Quark manages to remove Eris' collar, allowing her to disengage the force field, and the three escape. Meanwhile, the Federation ships come under attack, with the Odyssey sustaining heavy damage, as the Jem'Hadar weapons are able to bypass its shields. O'Brien beams aboard Jake and Nog's runabout and takes control, then beams aboard Sisko, Quark, and Eris. As the group begins to retreat to the Alpha Quadrant, one of the Jem'Hadar ships makes a suicide run at the Odyssey, colliding with it and destroying it almost instantly. Back at the station, Quark discovers Eris' collar is a fake, and they deduce that she is a spy for the Dominion, which she admits before transporting away — leaving the crew with the realization that their dealings with this powerful new opponent have only begun.

== Reception ==
TrekNation said they "thoroughly enjoyed the episode" even though they were not sure it was a "good episode"; they felt many characters were developed and called it a "satisfying season ender" without being a cliffhanger.
IGN said this one of the two best episodes in Season 2 of DS9, and noted how it introduced the Dominion saga that would dominate later seasons.
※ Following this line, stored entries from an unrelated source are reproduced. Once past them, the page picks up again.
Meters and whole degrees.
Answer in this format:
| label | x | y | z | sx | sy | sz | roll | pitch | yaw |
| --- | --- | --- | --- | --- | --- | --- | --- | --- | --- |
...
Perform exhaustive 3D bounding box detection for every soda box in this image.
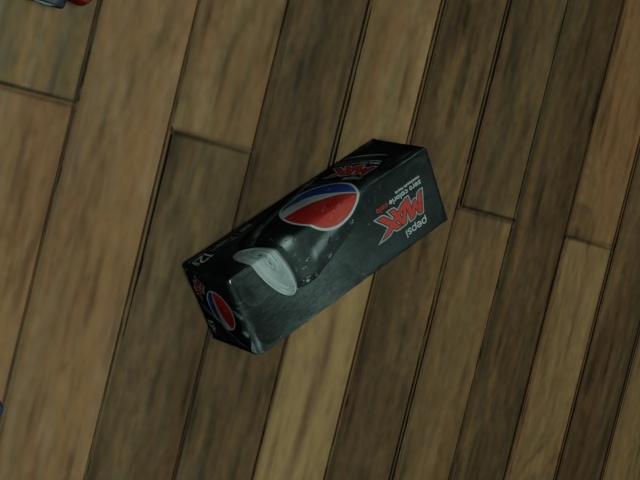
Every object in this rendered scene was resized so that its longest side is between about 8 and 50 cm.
| label | x | y | z | sx | sy | sz | roll | pitch | yaw |
| --- | --- | --- | --- | --- | --- | --- | --- | --- | --- |
| soda box | 0.000 | 0.000 | 0.756 | 0.169 | 0.053 | 0.060 | -35 | 120 | -28 |

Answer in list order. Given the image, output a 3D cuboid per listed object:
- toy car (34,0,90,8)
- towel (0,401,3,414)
| label | x | y | z | sx | sy | sz | roll | pitch | yaw |
| --- | --- | --- | --- | --- | --- | --- | --- | --- | --- |
| toy car | -0.219 | -0.157 | 0.545 | 0.225 | 0.053 | 0.239 | -48 | 125 | -20 |
| towel | -0.216 | 0.061 | 0.613 | 0.067 | 0.029 | 0.119 | -38 | 120 | -26 |
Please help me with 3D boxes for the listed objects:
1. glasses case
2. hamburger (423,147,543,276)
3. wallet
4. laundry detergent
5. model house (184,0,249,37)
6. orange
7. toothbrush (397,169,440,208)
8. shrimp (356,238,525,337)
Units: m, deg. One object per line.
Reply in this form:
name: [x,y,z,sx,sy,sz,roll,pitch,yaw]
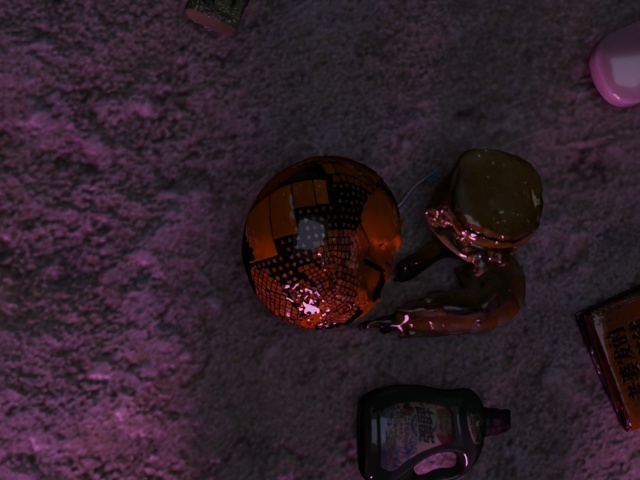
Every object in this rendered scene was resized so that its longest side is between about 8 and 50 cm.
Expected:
glasses case: [0.539,-0.292,1.532,0.296,0.075,0.113,-23,90,-10]
hamburger: [0.227,-0.033,1.430,0.159,0.131,0.185,16,63,-12]
wallet: [0.481,0.166,1.514,0.160,0.042,0.196,-20,90,-10]
laundry detergent: [0.164,0.274,1.445,0.221,0.078,0.144,0,89,-11]
model house: [-0.139,-0.337,1.434,0.078,0.066,0.083,23,82,-9]
orange: [0.000,0.000,1.360,0.182,0.234,0.235,19,82,36]
toothbrush: [0.107,-0.050,1.484,0.162,0.014,0.017,-37,74,-8]
shrimp: [0.174,0.064,1.465,0.254,0.059,0.145,-3,85,-9]
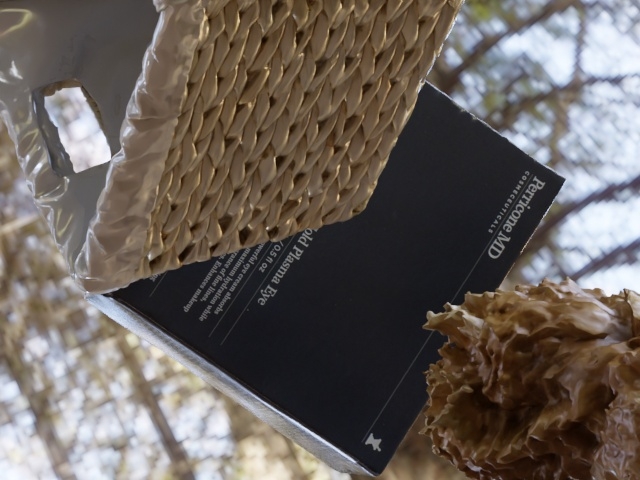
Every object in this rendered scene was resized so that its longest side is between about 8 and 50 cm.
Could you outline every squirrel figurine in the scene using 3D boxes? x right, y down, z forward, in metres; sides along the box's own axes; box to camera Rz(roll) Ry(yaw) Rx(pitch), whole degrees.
[{"bbox_3d":[0.239,0.173,1.081,0.281,0.370,0.397,-29,-74,-5],"label":"squirrel figurine"}]

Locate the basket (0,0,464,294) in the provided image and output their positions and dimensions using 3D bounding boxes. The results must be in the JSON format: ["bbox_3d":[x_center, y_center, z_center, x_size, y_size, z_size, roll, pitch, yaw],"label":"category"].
[{"bbox_3d":[-0.095,-0.191,1.282,0.266,0.328,0.331,-10,-34,-29],"label":"basket"}]

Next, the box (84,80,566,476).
[{"bbox_3d":[0.000,0.000,1.618,0.312,0.179,0.343,35,-102,-6],"label":"box"}]
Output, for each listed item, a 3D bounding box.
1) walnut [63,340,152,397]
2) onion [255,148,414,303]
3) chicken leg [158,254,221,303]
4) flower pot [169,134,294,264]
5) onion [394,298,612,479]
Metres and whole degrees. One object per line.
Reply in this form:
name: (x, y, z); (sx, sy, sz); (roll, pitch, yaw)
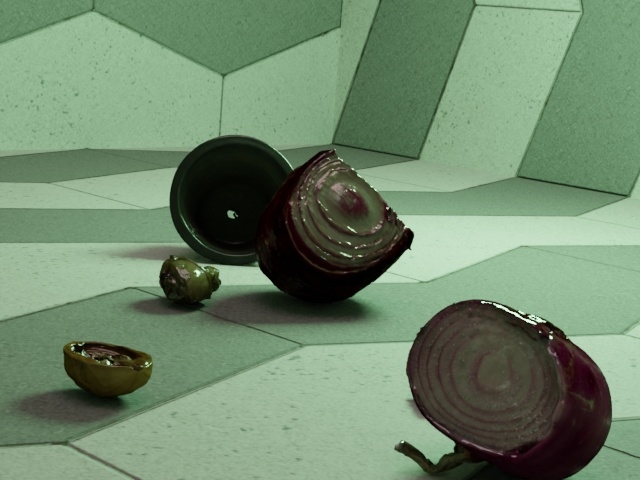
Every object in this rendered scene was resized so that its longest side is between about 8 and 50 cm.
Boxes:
walnut: (-0.244, 0.151, 1.536); (0.121, 0.052, 0.091); (16, 14, 42)
onion: (-0.004, 0.004, 2.110); (0.207, 0.216, 0.206); (-42, -2, -27)
chicken leg: (-0.195, 0.058, 2.072); (0.085, 0.069, 0.198); (8, 3, 11)
flower pot: (-0.156, -0.062, 2.442); (0.235, 0.235, 0.148); (4, -10, -5)
onion: (0.199, 0.156, 1.376); (0.207, 0.201, 0.200); (-4, 3, 35)
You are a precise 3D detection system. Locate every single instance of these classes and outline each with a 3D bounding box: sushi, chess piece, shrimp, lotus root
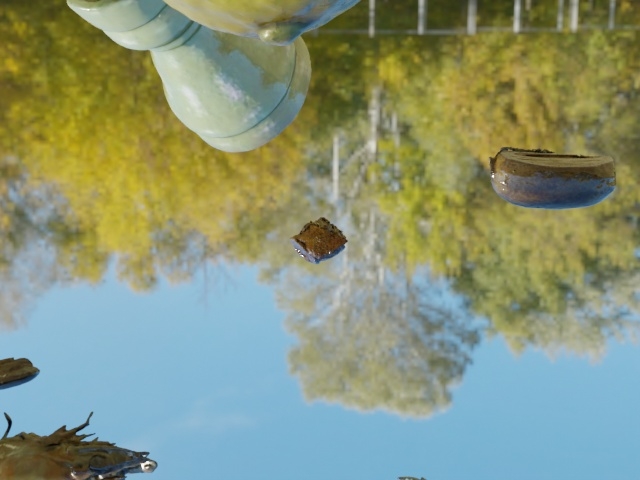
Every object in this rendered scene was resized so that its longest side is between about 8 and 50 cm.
[{"bbox_3d":[0.000,0.000,1.305,0.055,0.052,0.120,-42,-179,-5],"label":"sushi"},{"bbox_3d":[-0.196,-0.313,1.593,0.234,0.234,0.442,7,165,25],"label":"chess piece"},{"bbox_3d":[-0.267,0.170,1.003,0.296,0.058,0.169,-10,-129,21],"label":"shrimp"},{"bbox_3d":[0.150,-0.037,0.721,0.083,0.037,0.030,4,-153,-4],"label":"lotus root"}]

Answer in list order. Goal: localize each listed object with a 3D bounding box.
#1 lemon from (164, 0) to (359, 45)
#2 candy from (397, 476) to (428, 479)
[{"bbox_3d":[-0.049,-0.354,1.039,0.364,0.364,0.364,0,-167,0],"label":"lemon"},{"bbox_3d":[0.113,0.269,1.201,0.030,0.020,0.083,19,178,-25],"label":"candy"}]
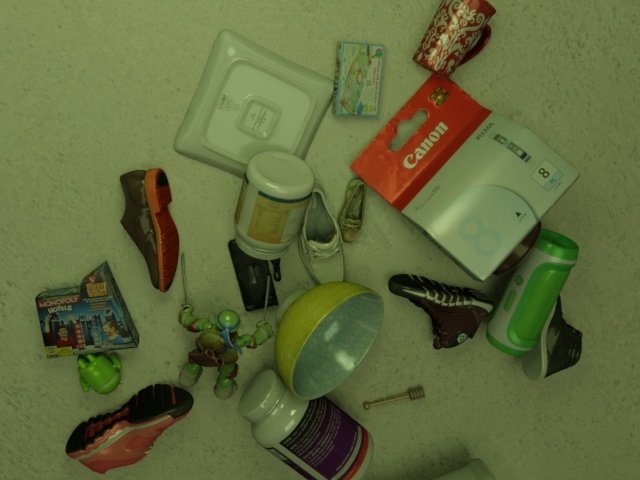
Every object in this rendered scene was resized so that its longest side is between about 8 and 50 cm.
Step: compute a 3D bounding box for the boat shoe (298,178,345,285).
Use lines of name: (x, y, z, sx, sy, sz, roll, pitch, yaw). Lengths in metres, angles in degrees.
boat shoe: (0.000, 0.000, 1.452, 0.098, 0.096, 0.277, -20, 114, -8)

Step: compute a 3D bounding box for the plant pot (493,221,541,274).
plant pot: (0.390, -0.033, 1.502, 0.165, 0.167, 0.167, 34, 97, -11)

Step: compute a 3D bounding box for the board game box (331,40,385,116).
board game box: (0.081, -0.346, 1.392, 0.103, 0.026, 0.154, -2, 107, -24)

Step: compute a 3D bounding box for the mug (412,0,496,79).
mug: (0.293, -0.429, 1.379, 0.150, 0.113, 0.169, 27, 103, -16)

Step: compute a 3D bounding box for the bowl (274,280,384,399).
bowl: (-0.008, 0.197, 1.464, 0.289, 0.156, 0.289, -32, 140, -31)

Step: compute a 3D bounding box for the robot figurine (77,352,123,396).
robot figurine: (-0.498, 0.298, 1.457, 0.101, 0.067, 0.115, -37, 111, -8)

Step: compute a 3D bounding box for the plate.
plate: (-0.135, -0.262, 1.374, 0.278, 0.045, 0.277, 22, 102, -17)

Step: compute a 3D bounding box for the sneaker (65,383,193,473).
sneaker: (-0.424, 0.444, 1.511, 0.314, 0.116, 0.136, -25, 121, 4)

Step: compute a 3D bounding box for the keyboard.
keyboard: (-0.140, 0.072, 1.488, 0.108, 0.023, 0.180, -13, 110, -1)

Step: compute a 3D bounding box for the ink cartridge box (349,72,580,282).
ink cartridge box: (0.302, -0.149, 1.389, 0.385, 0.091, 0.308, 42, 89, 5)

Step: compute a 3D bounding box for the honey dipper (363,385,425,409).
honey dipper: (0.188, 0.408, 1.657, 0.160, 0.030, 0.030, -14, 109, -5)

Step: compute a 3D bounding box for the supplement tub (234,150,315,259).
supplement tub: (-0.102, -0.072, 1.359, 0.144, 0.144, 0.200, 9, 130, -14)

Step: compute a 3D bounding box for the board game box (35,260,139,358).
board game box: (-0.508, 0.148, 1.413, 0.194, 0.060, 0.194, -6, 107, -10)

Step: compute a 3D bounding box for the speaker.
speaker: (0.500, 0.125, 1.540, 0.131, 0.131, 0.296, 11, 114, -15)

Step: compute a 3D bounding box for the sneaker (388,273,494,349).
sneaker: (0.276, 0.186, 1.569, 0.281, 0.106, 0.162, 14, 106, -16)

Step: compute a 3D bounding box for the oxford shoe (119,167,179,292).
oxford shoe: (-0.367, -0.019, 1.387, 0.098, 0.097, 0.271, -1, 104, 9)

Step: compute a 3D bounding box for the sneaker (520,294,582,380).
sneaker: (0.594, 0.203, 1.651, 0.147, 0.104, 0.296, -3, 98, -29)

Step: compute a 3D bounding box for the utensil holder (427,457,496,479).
utensil holder: (0.292, 0.781, 1.643, 0.385, 0.327, 0.327, -20, 110, -2)

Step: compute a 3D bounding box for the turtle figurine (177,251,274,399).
turtle figurine: (-0.218, 0.208, 1.462, 0.198, 0.275, 0.266, 0, 131, -29)

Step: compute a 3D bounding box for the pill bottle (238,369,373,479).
pill bottle: (-0.036, 0.450, 1.541, 0.181, 0.181, 0.323, -45, 110, 4)

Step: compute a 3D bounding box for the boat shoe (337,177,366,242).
boat shoe: (0.075, -0.064, 1.476, 0.056, 0.048, 0.153, 10, 104, -15)
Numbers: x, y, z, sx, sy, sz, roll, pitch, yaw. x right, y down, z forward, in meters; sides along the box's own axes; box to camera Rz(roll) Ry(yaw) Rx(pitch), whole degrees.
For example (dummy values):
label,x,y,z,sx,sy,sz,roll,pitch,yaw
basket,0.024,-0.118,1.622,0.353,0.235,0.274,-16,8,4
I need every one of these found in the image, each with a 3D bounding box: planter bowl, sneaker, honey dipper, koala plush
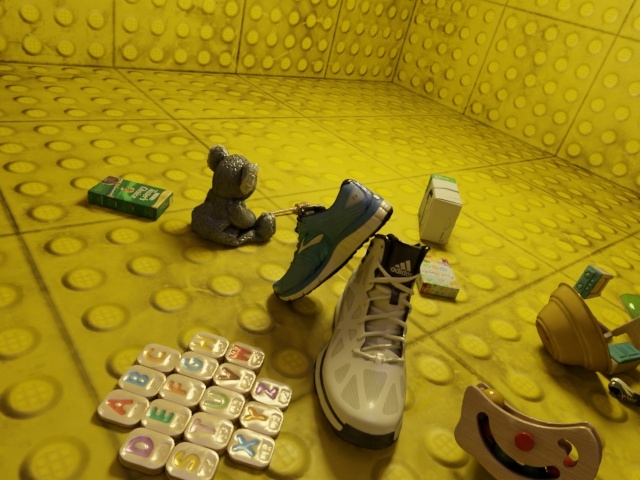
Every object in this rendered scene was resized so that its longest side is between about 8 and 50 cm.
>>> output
label,x,y,z,sx,sy,sz,roll,pitch,yaw
planter bowl,0.555,0.212,1.077,0.091,0.217,0.217,-22,31,9
sneaker,0.665,0.338,1.026,0.035,0.031,0.083,-22,40,-27
sneaker,0.102,0.135,0.882,0.169,0.257,0.447,14,30,-2
honey dipper,-0.105,-0.087,1.393,0.161,0.030,0.030,-15,41,-35
koala plush,-0.223,-0.118,1.195,0.204,0.221,0.196,-18,44,-43
sneaker,0.000,0.000,1.008,0.147,0.330,0.130,46,24,7

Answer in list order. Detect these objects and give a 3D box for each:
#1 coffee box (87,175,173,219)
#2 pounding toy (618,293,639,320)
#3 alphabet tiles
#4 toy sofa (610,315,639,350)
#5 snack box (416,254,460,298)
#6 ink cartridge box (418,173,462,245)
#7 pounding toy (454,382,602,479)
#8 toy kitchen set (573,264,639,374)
label,x,y,z,sx,sy,sz,roll,pitch,yaw
coffee box,-0.497,-0.115,1.249,0.184,0.040,0.113,15,30,0
pounding toy,0.856,0.211,1.164,0.183,0.110,0.236,39,30,-24
alphabet tiles,-0.194,0.260,0.778,0.278,0.021,0.284,17,31,4
toy sofa,0.782,0.276,0.922,0.150,0.177,0.362,-7,58,-33
snack box,0.304,0.092,1.262,0.101,0.037,0.141,10,31,-6
ink cartridge box,0.376,-0.102,1.503,0.087,0.152,0.208,15,29,1
pounding toy,0.330,0.324,0.724,0.270,0.154,0.155,37,9,34
toy kitchen set,0.688,0.184,1.141,0.122,0.165,0.207,1,33,-32

In 2018, Comic Book Resources rated "The Jem'Hadar" episode paired with its sequel "The Search" as the 14th best multi episode story of Star Trek.

In 2015, Geek.com recommended this episode as "essential watching" for their abbreviated Star Trek: Deep Space Nine binge-watching guide.

In 2019, Screen Rant ranked this the fourth best episode for the character Nog, noting how Nog was able to work together with Jake.

In 2020, Io9 said this was one of the "must watch" episodes from the series.

In 2021, Nerdist said this was one of the top ten Star Trek episodes with first alien contact, introducing the combative Jem'Hadar, as well as the Vorta in one episode, as the Federation has its first brush with the Dominion.

== Releases ==
This episode along with "Tribunal" was released on one VHS cassette, Star Trek: Deep Space Nine Vol. 23 - Tribunal/The Jem' Hadar.

On April 1, 2003, Season 2 of Star Trek: Deep Space Nine was released on DVD video discs, with 26 episodes on seven discs. This included a Dolby Digital 5.1 audio track for the episodes.

This episode was released in 2017 on DVD with the complete series box set, which had 176 episodes on 48 discs.